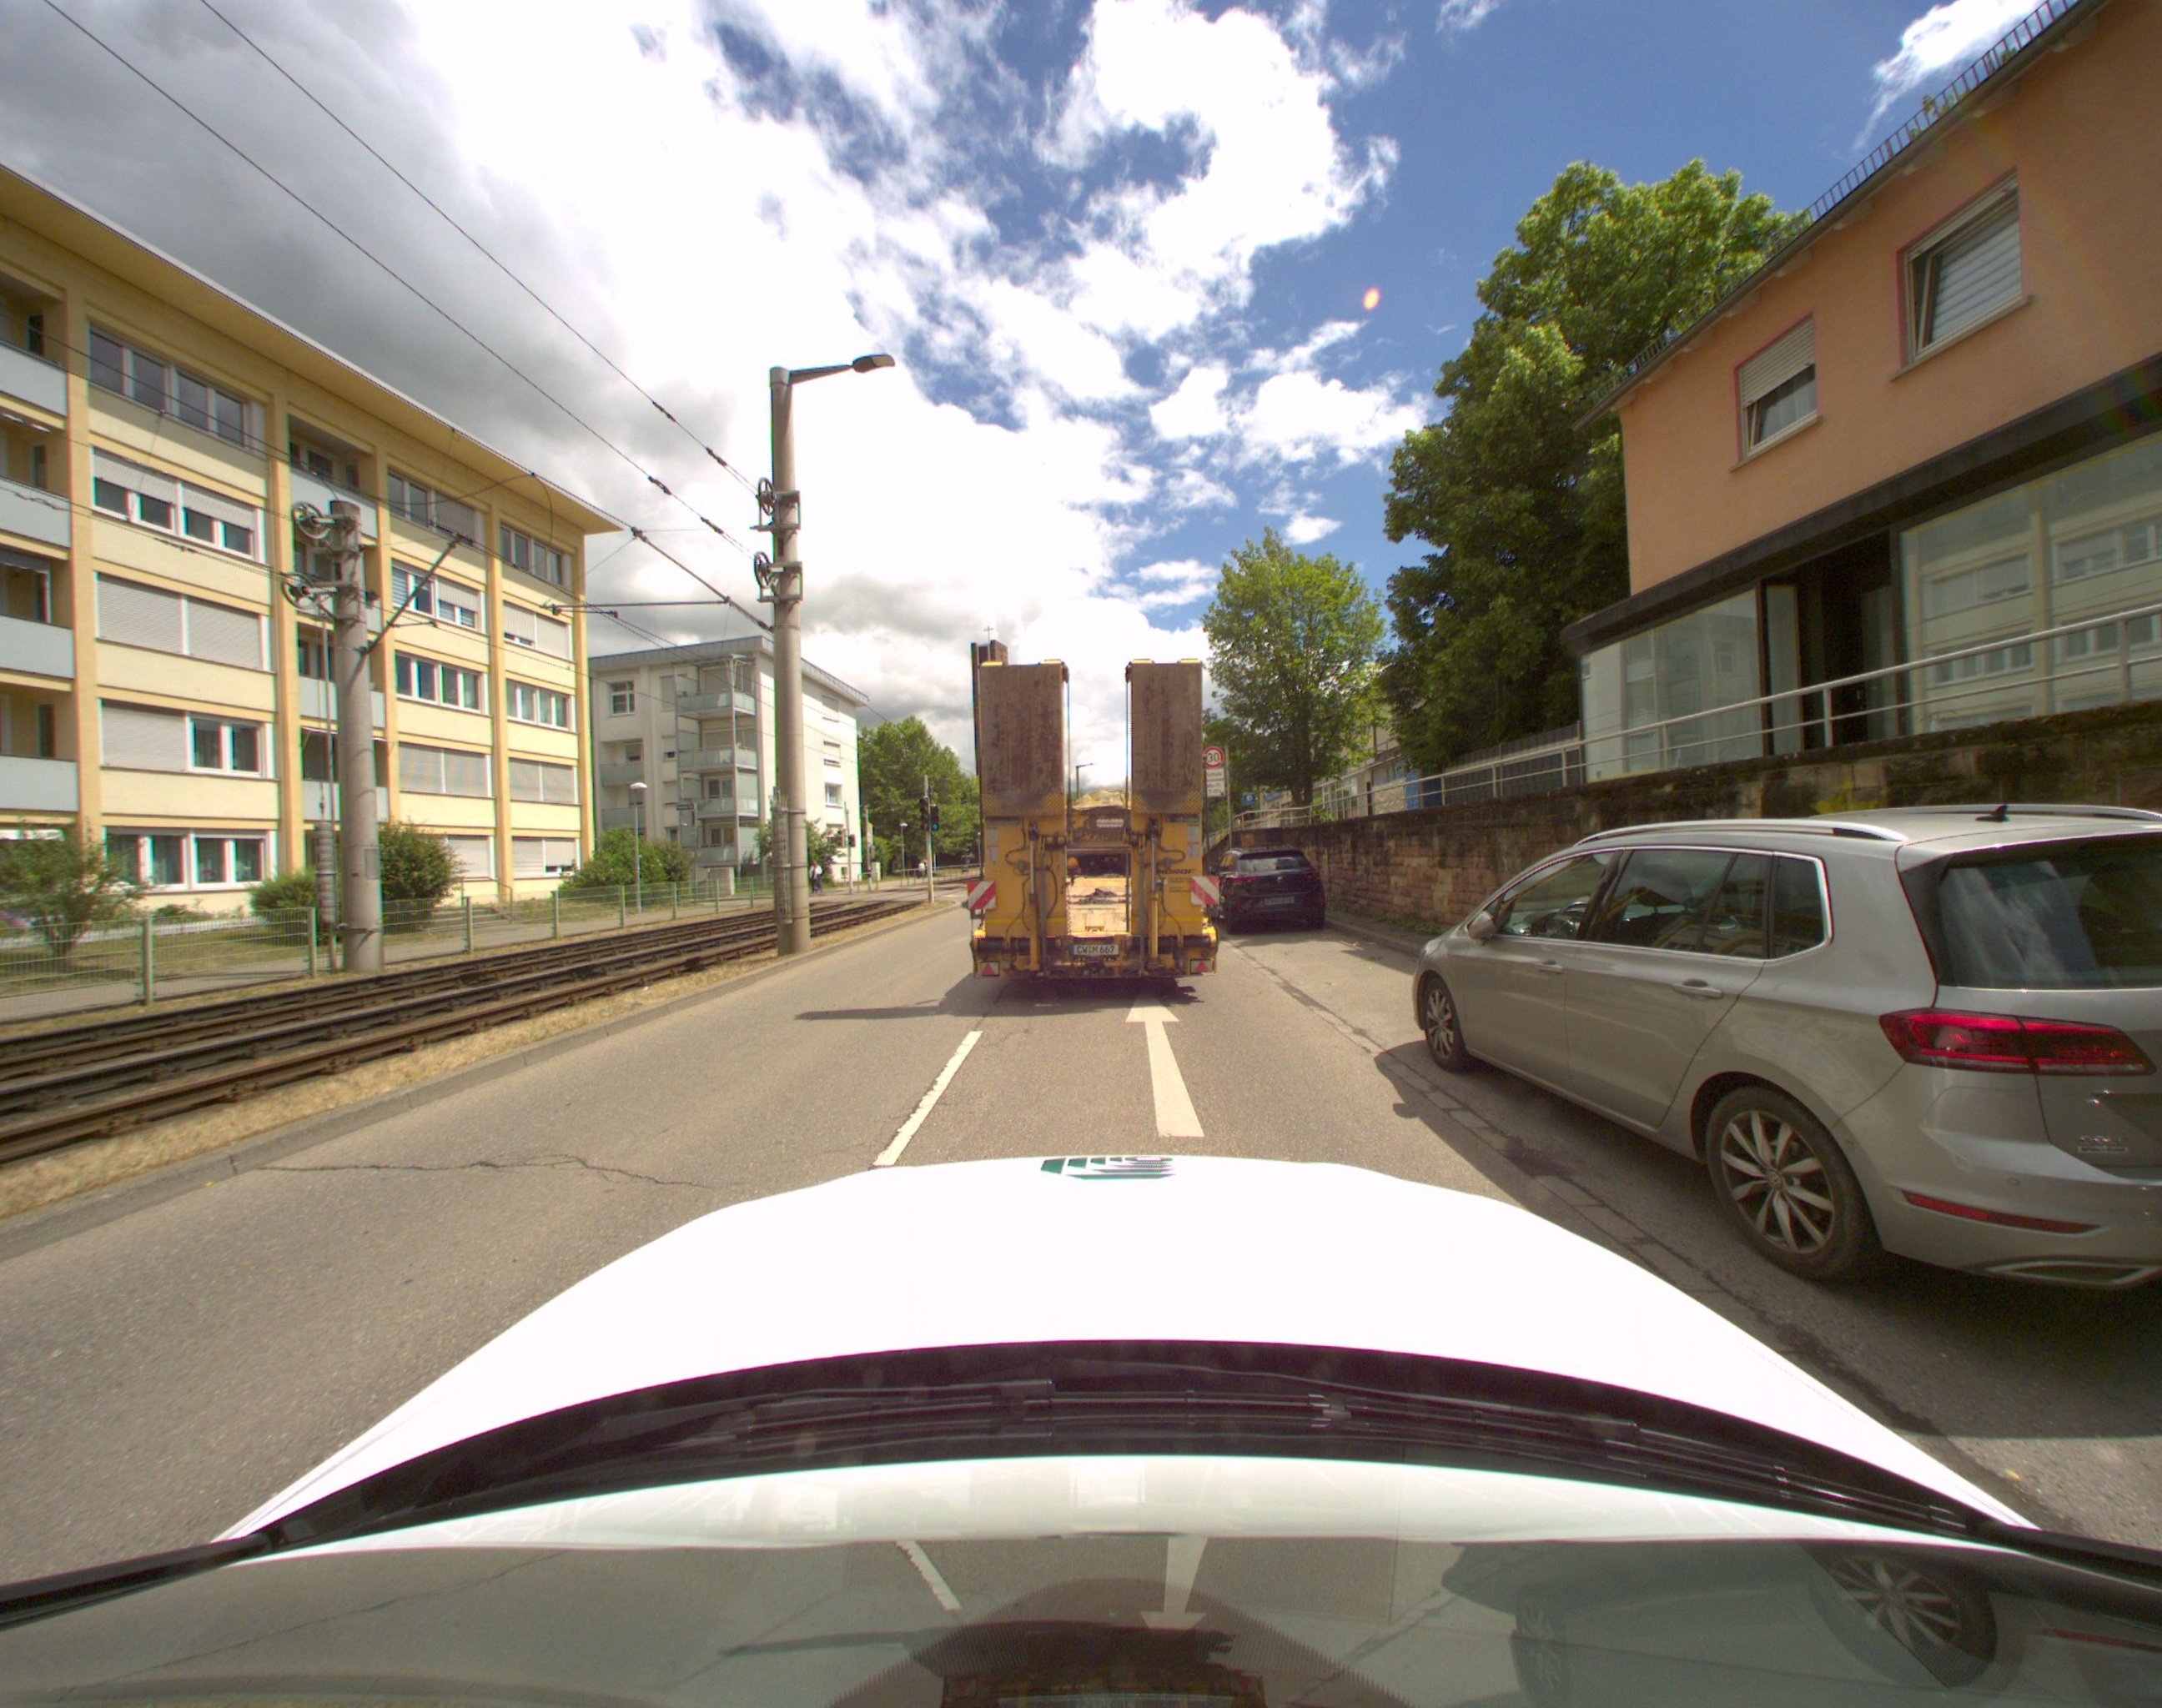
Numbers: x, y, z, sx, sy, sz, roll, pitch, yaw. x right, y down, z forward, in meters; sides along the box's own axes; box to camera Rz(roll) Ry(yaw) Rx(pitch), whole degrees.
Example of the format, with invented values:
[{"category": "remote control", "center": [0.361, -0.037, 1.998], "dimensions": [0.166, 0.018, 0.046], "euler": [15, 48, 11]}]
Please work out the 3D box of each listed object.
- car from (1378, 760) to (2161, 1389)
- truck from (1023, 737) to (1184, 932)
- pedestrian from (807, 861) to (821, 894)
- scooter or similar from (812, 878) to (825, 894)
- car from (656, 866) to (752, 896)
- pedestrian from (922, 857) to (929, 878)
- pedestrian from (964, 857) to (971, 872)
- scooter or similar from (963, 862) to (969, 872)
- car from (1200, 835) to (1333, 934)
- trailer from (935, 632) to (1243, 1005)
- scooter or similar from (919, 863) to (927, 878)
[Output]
[{"category": "car", "center": [3.226, 0.541, 4.261], "dimensions": [1.783, 1.617, 4.249], "euler": [-3, 0, 1]}, {"category": "truck", "center": [0.534, -0.372, 17.739], "dimensions": [2.931, 3.572, 4.880], "euler": [-2, 0, 2]}, {"category": "pedestrian", "center": [-13.103, 1.150, 40.002], "dimensions": [0.435, 1.581, 0.475], "euler": [-2, -1, 7]}, {"category": "scooter or similar", "center": [-12.762, 1.558, 39.630], "dimensions": [0.435, 0.747, 0.475], "euler": [-2, 0, 7]}, {"category": "car", "center": [-19.193, 1.376, 41.539], "dimensions": [3.963, 1.345, 1.906], "euler": [-2, 0, 9]}, {"category": "pedestrian", "center": [-11.792, 1.019, 61.780], "dimensions": [0.346, 1.537, 0.558], "euler": [-2, 0, 5]}, {"category": "pedestrian", "center": [-10.977, 1.012, 78.653], "dimensions": [0.562, 1.513, 0.646], "euler": [0, 0, 1]}, {"category": "scooter or similar", "center": [-11.017, 1.277, 77.997], "dimensions": [0.504, 0.971, 0.646], "euler": [0, 0, 1]}, {"category": "car", "center": [3.532, 0.531, 16.263], "dimensions": [1.843, 1.639, 4.003], "euler": [-3, 0, 3]}, {"category": "trailer", "center": [0.283, -0.358, 12.441], "dimensions": [2.933, 3.601, 8.690], "euler": [-2, 0, 3]}, {"category": "scooter or similar", "center": [-11.841, 1.231, 61.136], "dimensions": [0.336, 1.057, 0.689], "euler": [-2, 1, 6]}]
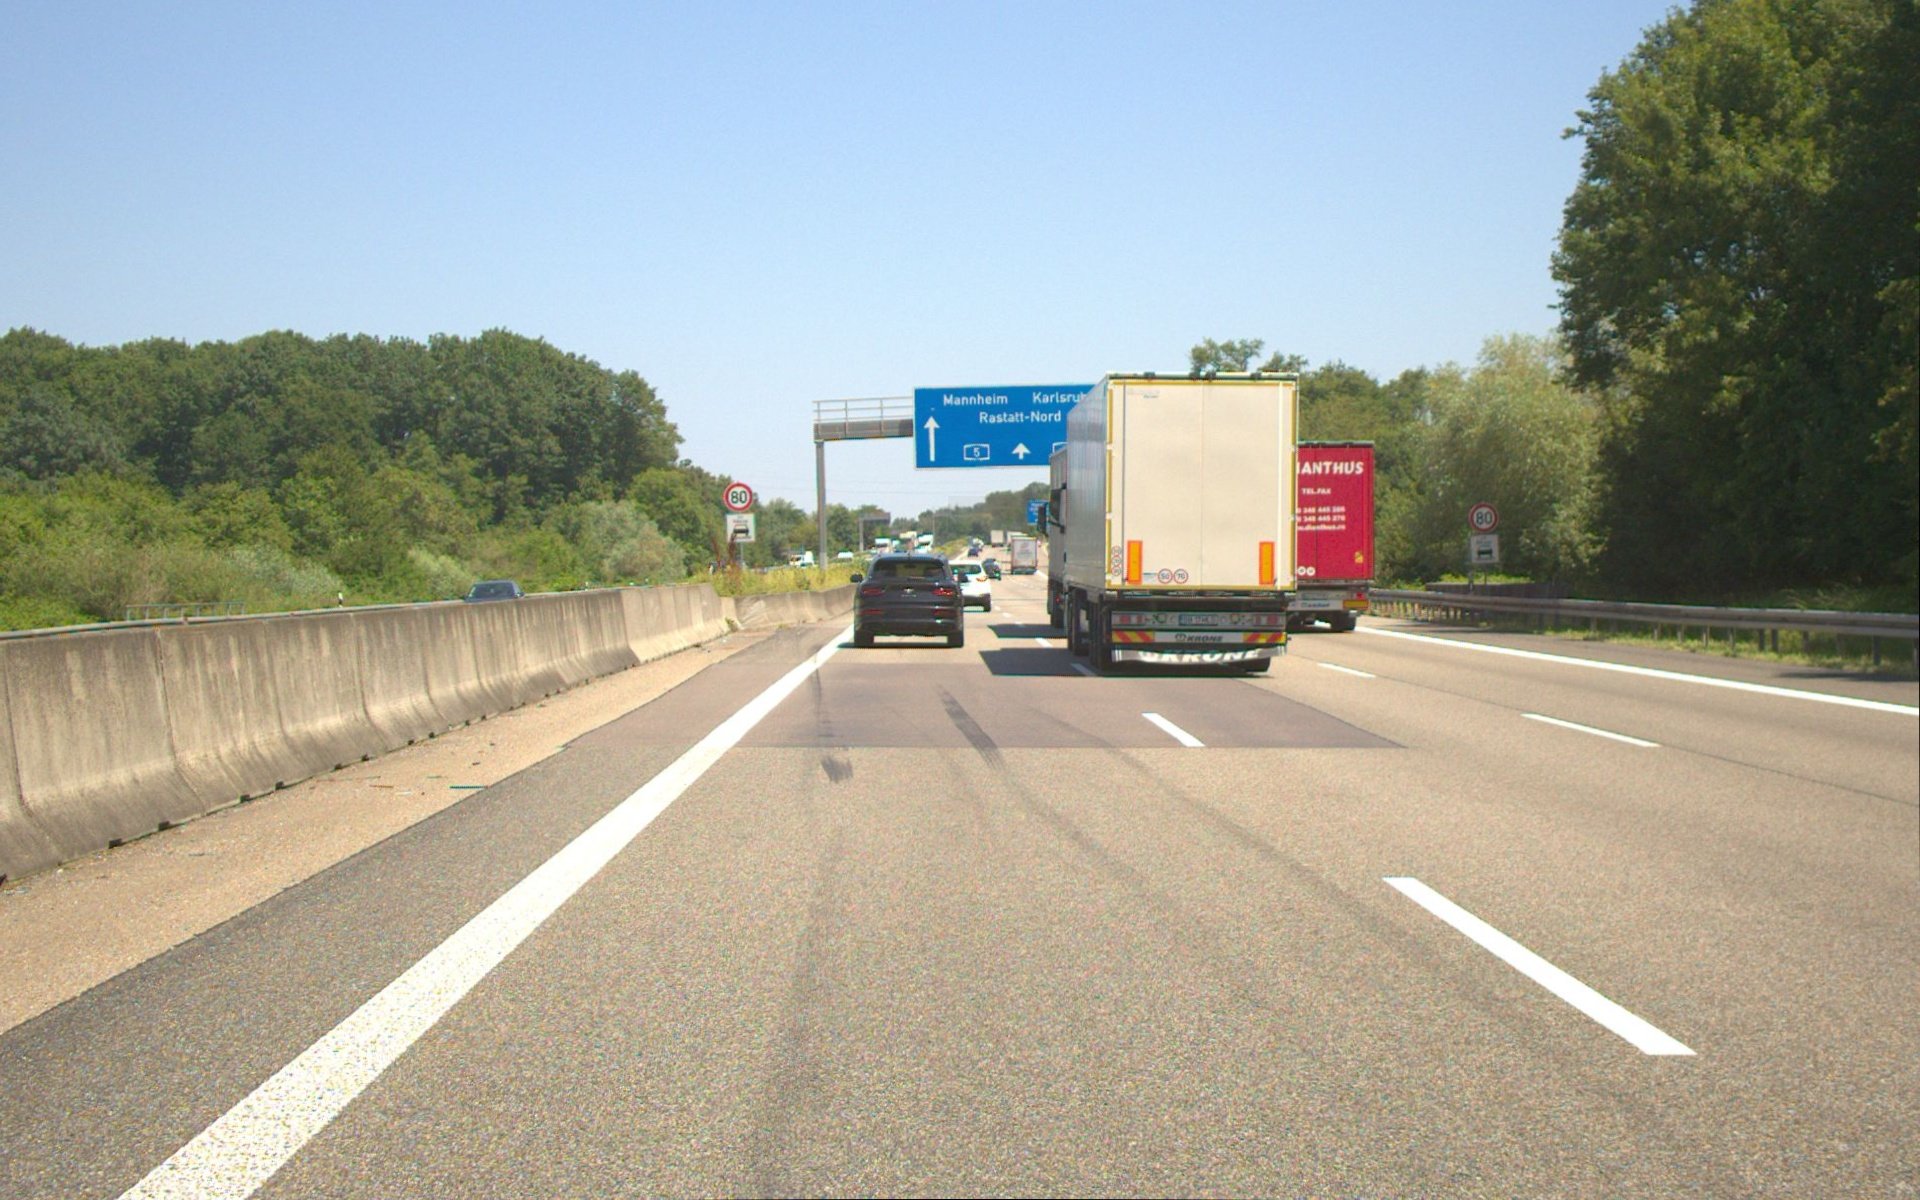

──────────────────────────────

• EXERCISE
Pictures stay out. Repeat only the lines from the beginning of the data through the line that has "- scooter or similar from (963, 862)".

• OUTPUT BELOW
Numbers: x, y, z, sx, sy, sz, roll, pitch, yaw. x right, y down, z forward, in meters; sides along the box's own axes; box to camera Rz(roll) Ry(yaw) Rx(pitch), whole degrees.
Example of the format, with invented values:
[{"category": "remote control", "center": [0.361, -0.037, 1.998], "dimensions": [0.166, 0.018, 0.046], "euler": [15, 48, 11]}]
Please work out the 3D box of each listed object.
- car from (1378, 760) to (2161, 1389)
- truck from (1023, 737) to (1184, 932)
- pedestrian from (807, 861) to (821, 894)
- scooter or similar from (812, 878) to (825, 894)
- car from (656, 866) to (752, 896)
- pedestrian from (922, 857) to (929, 878)
- pedestrian from (964, 857) to (971, 872)
- scooter or similar from (963, 862) to (969, 872)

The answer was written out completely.